A lo largo de los años, este estadio ha sido mucho más que concreto y graderías. Allí se han vivido jornadas que quedaron marcadas en la memoria colectiva, celebraciones que unieron a miles de personas bajo un mismo sentimiento y momentos que trascendieron lo deportivo para convertirse en parte de la historia de la ciudad. El Metropolitano ha sido testigo de alegrías, triunfos y también de derrotas que, en conjunto, han construido una narrativa compartida por generaciones. 

Hoy, mientras su infraestructura se transforma, también lo hace la ciudad que lo rodea. Barranquilla ha sido, desde sus inicios, un territorio en constante evolución. Su crecimiento no solo se mide en obras o desarrollo urbano, sino en la capacidad de su gente para adaptarse, reinventarse y seguir adelante frente a los desafíos. Esa misma lógica parece reflejarse en este escenario deportivo, que se ajusta a nuevas necesidades sin perder su esencia. 

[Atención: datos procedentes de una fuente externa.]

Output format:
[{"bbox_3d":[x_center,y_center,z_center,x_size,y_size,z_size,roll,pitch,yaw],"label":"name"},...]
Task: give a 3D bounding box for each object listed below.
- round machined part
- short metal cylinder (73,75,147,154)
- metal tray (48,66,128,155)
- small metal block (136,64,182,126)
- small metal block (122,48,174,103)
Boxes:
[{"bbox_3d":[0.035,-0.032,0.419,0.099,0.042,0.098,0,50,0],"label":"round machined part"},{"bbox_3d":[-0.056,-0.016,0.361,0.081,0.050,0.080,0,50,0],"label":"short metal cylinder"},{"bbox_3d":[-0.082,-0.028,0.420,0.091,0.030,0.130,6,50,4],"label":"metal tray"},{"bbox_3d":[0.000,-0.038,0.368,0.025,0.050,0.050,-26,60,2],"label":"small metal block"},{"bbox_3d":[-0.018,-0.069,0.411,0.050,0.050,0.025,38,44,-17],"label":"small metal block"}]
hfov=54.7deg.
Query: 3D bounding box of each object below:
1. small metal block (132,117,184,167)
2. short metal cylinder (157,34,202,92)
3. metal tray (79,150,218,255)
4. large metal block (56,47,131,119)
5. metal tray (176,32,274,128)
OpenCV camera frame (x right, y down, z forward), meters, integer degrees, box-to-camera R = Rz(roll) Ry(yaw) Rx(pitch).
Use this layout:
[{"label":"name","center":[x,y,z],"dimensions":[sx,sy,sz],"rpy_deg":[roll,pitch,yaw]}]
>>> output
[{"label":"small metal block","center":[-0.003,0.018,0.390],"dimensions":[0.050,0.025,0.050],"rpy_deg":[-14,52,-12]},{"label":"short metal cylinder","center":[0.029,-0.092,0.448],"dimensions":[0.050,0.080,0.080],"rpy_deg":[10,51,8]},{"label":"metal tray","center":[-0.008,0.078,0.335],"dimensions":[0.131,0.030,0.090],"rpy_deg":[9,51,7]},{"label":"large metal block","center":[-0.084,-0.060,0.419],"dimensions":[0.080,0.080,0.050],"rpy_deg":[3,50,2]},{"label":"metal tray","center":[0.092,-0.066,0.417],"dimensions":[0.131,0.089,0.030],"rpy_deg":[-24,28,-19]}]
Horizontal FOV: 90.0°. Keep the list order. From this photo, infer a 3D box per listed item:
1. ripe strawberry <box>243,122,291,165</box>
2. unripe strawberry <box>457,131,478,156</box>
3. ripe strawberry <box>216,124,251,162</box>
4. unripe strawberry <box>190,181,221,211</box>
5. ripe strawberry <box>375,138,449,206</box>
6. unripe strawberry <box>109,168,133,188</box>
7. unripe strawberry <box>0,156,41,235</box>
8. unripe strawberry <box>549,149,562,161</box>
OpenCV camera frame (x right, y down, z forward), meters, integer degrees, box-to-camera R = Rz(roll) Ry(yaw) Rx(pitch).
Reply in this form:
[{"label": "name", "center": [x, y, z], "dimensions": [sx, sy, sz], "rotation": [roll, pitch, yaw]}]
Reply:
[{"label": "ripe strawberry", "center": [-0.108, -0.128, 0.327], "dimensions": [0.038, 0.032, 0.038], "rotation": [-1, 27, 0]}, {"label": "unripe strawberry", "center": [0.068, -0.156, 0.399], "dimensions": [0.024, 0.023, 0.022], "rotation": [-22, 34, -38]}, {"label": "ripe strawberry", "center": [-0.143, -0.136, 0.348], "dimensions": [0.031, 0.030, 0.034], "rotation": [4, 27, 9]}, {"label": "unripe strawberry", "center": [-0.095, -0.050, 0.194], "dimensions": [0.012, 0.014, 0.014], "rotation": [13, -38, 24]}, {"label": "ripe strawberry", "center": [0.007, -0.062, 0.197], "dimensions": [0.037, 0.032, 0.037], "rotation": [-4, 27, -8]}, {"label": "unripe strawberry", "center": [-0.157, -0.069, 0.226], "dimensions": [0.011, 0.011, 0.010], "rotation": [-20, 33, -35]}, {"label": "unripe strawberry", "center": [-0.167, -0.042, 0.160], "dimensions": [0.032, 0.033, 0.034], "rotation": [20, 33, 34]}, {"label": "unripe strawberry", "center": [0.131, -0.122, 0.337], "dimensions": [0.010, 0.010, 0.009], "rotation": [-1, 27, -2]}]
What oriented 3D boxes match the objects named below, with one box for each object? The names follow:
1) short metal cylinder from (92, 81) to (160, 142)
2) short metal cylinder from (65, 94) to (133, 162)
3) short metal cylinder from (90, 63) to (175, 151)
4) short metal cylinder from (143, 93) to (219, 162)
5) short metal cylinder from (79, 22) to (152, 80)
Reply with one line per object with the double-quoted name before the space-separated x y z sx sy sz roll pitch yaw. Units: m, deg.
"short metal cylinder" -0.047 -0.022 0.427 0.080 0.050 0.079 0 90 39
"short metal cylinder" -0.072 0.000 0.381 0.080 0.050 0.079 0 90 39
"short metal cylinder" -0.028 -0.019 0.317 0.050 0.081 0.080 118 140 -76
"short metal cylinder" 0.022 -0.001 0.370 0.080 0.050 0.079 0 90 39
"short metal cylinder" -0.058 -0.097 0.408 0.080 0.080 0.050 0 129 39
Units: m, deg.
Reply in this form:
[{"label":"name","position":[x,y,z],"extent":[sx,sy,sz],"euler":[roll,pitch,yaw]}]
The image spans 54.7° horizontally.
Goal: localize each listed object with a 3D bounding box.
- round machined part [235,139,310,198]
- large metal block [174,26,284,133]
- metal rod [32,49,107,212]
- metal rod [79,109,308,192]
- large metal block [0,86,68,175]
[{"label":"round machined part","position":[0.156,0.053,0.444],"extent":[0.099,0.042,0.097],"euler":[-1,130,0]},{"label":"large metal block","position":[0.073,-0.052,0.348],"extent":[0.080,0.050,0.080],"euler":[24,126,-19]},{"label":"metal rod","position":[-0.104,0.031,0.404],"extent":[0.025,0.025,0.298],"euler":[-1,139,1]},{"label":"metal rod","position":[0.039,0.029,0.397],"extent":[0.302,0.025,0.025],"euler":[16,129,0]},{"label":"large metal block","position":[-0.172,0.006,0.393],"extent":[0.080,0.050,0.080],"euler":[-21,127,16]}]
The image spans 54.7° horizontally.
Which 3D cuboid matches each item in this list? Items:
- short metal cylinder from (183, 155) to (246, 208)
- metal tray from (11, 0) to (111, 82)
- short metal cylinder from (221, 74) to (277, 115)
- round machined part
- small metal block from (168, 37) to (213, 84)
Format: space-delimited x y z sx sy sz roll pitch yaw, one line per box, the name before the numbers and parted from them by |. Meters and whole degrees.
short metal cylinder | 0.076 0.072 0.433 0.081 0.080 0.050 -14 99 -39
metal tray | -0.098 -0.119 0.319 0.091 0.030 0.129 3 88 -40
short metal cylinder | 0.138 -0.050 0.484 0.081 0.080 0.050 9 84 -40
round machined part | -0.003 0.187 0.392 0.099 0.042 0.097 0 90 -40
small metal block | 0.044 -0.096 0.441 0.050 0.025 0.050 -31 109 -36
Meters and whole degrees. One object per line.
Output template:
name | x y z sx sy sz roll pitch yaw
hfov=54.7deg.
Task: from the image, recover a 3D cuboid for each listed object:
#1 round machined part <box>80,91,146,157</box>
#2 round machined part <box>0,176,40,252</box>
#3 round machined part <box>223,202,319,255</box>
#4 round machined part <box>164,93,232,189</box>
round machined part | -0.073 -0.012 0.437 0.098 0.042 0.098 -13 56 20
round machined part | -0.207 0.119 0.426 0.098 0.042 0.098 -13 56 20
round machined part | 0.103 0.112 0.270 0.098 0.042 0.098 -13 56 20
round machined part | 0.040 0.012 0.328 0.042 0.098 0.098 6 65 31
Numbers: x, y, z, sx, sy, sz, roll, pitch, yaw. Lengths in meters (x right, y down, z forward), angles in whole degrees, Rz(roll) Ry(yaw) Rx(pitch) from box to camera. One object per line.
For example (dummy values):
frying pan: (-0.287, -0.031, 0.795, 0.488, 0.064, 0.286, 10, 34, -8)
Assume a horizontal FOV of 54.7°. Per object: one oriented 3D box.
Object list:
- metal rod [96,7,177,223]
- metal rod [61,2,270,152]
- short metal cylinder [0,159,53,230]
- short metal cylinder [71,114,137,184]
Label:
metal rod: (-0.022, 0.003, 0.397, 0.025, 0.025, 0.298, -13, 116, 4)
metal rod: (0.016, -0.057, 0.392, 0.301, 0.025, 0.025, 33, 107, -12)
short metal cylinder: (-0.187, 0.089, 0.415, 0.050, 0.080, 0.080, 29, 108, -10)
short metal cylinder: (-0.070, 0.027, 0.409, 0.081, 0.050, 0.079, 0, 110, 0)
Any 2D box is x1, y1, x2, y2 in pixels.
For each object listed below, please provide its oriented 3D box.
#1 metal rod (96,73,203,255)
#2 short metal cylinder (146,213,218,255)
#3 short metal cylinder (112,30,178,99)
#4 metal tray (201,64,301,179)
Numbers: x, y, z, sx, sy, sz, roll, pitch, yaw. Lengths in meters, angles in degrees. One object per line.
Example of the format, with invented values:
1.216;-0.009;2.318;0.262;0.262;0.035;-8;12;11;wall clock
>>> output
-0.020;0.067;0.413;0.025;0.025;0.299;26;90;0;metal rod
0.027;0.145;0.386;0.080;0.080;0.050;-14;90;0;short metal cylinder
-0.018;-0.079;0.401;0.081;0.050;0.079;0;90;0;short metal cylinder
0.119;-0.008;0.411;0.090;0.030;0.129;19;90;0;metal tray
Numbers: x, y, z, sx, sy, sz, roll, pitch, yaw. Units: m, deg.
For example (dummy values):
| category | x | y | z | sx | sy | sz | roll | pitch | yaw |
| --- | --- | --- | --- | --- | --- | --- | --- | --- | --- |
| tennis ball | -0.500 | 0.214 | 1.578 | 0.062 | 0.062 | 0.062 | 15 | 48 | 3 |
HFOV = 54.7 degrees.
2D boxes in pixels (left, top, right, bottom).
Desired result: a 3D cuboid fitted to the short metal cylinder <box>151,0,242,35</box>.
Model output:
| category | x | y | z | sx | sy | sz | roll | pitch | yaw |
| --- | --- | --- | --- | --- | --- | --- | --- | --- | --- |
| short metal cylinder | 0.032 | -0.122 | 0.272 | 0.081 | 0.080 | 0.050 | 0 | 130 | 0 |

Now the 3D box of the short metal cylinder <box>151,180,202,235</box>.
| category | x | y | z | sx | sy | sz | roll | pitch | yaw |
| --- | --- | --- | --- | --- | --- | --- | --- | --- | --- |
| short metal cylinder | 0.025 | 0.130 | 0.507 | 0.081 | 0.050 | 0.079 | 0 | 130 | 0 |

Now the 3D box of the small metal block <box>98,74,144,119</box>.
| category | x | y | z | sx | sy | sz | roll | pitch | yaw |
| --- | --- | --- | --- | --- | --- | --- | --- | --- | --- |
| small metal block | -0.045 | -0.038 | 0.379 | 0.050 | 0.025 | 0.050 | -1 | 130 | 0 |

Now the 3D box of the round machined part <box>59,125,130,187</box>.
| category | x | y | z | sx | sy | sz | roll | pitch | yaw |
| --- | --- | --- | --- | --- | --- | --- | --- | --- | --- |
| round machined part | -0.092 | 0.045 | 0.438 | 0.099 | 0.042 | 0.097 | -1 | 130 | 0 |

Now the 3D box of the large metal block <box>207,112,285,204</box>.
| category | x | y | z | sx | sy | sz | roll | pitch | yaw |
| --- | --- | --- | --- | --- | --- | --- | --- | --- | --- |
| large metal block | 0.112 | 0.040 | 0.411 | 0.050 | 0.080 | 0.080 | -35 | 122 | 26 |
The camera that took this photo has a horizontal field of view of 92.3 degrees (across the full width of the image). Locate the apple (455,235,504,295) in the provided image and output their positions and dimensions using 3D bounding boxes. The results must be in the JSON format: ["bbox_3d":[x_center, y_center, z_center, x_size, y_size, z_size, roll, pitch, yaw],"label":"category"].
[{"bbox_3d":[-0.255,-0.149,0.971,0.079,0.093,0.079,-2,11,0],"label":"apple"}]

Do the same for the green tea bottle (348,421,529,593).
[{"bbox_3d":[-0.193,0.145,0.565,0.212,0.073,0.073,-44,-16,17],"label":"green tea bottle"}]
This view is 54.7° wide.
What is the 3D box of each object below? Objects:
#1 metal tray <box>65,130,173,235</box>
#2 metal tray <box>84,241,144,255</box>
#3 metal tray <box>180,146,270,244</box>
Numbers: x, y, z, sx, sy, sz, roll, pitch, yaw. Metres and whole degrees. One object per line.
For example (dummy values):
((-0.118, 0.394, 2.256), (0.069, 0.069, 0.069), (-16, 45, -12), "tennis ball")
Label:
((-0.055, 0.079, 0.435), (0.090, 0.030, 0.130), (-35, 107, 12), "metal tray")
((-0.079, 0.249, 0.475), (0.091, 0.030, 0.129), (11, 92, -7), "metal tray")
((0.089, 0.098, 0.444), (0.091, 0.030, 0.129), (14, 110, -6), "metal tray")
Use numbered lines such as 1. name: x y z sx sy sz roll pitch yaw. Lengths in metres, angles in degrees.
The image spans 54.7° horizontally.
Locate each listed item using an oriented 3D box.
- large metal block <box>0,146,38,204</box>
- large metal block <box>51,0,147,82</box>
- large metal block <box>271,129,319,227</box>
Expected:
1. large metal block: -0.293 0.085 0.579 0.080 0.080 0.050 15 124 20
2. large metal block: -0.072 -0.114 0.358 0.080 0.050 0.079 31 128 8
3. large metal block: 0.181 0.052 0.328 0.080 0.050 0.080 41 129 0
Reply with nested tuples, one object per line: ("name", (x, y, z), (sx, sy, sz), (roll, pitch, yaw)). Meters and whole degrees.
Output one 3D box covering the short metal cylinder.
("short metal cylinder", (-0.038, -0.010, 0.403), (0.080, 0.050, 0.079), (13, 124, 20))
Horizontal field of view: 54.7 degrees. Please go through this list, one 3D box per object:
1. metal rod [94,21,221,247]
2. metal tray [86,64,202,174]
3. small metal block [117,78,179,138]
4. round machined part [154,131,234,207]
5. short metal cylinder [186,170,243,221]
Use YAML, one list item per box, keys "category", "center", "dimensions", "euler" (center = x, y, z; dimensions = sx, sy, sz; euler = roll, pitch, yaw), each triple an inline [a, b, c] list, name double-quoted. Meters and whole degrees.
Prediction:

La remodelación del estadio se convierte así en una metáfora clara del momento que vive Barranquilla. Así como el Metropolitano se renueva para continuar siendo epicentro de emociones, la ciudad también avanza, se transforma y se proyecta hacia el futuro. No se trata únicamente de cambios físicos, sino de una evolución que involucra cultura, identidad y sentido de pertenencia. 

En una fecha tan significativa, mirar estos procesos permite entender que Barranquilla no es estática. Es una ciudad que se construye todos los días, en cada rincón, en cada historia y en cada espacio que la define. A sus 213 años, sigue siendo un territorio vivo, en movimiento, que honra su pasado mientras se prepara para lo que viene. 

Porque al final, tanto el estadio como la ciudad comparten algo en común. Ambos siguen en construcción y es precisamente en ese proceso donde se encuentra su verdadera esencia.